I took many other things from that debate and that day. I was gratified by the fact that Barbara Koenig and I agree on most aspects of the DTC question. There are certainly tremendous uses for genomics in clinical practice, but the myriad ethical and social considerations are far from worked out, even as the regulatory and legislative stories continue to unfold. And I achieved some peace of mind from seeing an entire auditorium of future health care providers actively engaged in dialogue about the ethical and social implications of genomic testing as they apply to the dual role we all play as patients and consumers. We need the voices of those in direct contact with patients providing perspective on the consequences of regulations and legislation for patients. And we need to be engaged in how regulatory and legislative decisions are made. The reason should be apparent to all – with these technologies imminently possible, it’s our responsibility to proceed in a conscientious and careful manner, drawing on data from rigorous studies, and with safeguards in place to ensure protections.

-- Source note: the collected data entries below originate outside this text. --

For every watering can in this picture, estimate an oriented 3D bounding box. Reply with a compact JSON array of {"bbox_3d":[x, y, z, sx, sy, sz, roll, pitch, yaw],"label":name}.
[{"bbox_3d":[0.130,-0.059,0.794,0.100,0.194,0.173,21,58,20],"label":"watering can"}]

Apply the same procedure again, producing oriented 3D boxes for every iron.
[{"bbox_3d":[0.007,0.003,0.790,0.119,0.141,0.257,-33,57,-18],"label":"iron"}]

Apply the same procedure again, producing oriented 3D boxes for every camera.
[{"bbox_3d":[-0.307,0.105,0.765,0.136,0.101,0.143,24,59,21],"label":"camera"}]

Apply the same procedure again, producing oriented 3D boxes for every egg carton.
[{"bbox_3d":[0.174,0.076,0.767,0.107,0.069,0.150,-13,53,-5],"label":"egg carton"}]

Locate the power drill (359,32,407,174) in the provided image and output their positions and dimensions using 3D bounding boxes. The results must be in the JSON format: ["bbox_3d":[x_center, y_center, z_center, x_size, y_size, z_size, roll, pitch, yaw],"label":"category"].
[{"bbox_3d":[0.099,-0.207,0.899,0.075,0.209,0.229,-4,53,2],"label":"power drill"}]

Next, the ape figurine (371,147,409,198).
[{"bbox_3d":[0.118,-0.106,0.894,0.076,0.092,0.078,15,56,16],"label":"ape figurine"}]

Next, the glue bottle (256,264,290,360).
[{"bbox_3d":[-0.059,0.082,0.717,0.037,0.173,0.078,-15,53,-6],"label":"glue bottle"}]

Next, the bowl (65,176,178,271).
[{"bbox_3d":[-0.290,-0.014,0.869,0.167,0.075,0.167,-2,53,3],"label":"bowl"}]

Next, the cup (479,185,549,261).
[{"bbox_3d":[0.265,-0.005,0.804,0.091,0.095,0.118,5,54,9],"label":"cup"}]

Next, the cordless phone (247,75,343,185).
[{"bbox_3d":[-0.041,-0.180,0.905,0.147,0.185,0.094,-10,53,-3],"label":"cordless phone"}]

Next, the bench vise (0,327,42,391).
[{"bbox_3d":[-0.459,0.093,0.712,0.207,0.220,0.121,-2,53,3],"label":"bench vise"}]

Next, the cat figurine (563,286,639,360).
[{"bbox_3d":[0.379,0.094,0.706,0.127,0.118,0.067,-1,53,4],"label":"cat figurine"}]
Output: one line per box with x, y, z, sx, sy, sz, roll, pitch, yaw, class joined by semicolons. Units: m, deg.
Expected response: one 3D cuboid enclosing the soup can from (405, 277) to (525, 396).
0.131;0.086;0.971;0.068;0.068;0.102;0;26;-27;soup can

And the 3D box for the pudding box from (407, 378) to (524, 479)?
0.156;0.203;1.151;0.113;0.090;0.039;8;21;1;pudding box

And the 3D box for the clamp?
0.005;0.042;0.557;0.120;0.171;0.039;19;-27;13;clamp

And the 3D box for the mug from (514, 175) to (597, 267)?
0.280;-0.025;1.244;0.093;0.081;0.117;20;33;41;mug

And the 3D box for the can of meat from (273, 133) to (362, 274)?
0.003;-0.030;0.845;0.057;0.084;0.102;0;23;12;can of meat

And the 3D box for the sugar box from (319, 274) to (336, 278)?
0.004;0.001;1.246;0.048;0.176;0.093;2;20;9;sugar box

This is especially so because these technologies are placing more information and decision-making power in the hands of the patient than ever before. Many are already carrying their genome on their tablet device – along with all kinds of other physiologic and behavioral data. My goal in having my own genome sequenced and sharing my experiences is to build capacity in our current and future health care provider workforce, so they can thoughtfully and actively engage in this paradigm shift. Nurses may need this information more than any other group, as we are the largest segment of the health care workforce, with the most time and opportunity to help patients navigate these complexities. But regardless of the role we play – provider, patient, government regulator or developer of these technologies – we all have a responsibility to think long and hard about the many questions DTC genetic testing brings to the forefront.

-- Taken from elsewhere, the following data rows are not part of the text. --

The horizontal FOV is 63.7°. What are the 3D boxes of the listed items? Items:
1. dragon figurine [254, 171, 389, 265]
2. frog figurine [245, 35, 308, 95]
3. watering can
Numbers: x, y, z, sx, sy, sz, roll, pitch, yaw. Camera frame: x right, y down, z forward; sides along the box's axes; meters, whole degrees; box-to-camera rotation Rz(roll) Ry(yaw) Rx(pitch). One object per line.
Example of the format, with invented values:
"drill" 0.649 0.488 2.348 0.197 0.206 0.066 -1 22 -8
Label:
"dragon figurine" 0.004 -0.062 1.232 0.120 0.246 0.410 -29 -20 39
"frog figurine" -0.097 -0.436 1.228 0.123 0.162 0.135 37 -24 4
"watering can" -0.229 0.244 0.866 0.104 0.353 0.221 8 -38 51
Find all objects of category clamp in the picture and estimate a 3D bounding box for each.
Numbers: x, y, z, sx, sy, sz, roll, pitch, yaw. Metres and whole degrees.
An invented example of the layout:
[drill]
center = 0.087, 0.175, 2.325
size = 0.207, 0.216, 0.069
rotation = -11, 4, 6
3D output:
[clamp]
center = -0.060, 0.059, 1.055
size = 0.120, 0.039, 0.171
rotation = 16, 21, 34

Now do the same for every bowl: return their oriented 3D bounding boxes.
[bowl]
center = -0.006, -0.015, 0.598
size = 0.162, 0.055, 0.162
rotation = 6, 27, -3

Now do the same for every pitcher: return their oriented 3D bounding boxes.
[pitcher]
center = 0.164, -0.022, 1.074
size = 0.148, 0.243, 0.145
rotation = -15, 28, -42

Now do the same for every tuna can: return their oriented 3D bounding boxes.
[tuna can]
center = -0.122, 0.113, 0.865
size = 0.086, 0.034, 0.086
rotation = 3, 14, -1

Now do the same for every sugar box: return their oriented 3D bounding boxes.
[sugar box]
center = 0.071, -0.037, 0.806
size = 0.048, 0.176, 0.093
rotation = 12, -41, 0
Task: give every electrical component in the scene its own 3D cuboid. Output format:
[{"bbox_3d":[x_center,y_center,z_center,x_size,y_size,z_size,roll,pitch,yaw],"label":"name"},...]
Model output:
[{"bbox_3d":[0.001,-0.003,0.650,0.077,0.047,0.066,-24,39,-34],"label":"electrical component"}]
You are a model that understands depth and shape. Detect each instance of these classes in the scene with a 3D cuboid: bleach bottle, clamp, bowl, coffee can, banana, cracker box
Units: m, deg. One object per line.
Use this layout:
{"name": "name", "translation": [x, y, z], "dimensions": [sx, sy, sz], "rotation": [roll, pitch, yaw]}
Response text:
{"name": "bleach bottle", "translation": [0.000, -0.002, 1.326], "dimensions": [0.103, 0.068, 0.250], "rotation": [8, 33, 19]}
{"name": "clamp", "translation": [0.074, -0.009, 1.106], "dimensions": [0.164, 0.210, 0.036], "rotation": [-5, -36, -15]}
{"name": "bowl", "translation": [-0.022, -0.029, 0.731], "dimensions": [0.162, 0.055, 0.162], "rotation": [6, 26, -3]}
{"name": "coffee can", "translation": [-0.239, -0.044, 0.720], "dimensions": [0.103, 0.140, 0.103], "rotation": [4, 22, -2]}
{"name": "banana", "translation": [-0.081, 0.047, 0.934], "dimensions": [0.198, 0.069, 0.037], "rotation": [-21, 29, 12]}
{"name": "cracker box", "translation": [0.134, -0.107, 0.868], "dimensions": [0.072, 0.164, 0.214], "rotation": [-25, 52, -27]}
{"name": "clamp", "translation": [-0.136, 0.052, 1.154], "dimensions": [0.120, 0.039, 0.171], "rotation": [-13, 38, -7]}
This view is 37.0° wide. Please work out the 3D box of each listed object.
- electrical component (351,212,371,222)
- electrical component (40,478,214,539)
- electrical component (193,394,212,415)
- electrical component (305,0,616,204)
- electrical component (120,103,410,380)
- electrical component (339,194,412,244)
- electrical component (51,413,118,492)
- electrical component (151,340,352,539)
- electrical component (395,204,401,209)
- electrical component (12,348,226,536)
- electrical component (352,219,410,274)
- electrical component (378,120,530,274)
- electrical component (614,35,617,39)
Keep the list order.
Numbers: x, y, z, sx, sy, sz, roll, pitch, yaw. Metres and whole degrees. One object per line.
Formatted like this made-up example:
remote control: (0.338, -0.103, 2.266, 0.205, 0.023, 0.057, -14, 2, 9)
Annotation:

Elena Flowers is an assistant professor in the UCSF School of Nursing. Her program of research is focused on identification of novel molecular markers associated with cardiovascular disease (CVD) risk factors and responses to risk reduction interventions among racial minority groups. She published numerous papers describing CVD risk in South Asians, which led to current studies evaluating microRNAs as prodromal predictors of progression to CVD and type 2 diabetes. Presently, she is investigating microRNAs as predictors of responses to behavioral interventions to reduce risk (e.g., weight loss, physical activity, yoga). Her research has expanded to include high-risk Filipino and Latino populations. She is director of the School’s genomics laboratory and Genomics Minor. She is also active in the American Heart Association, the American Diabetes Association, the Preventive Cardiovascular Nurses Association and the International Society of Nurses in Genetics.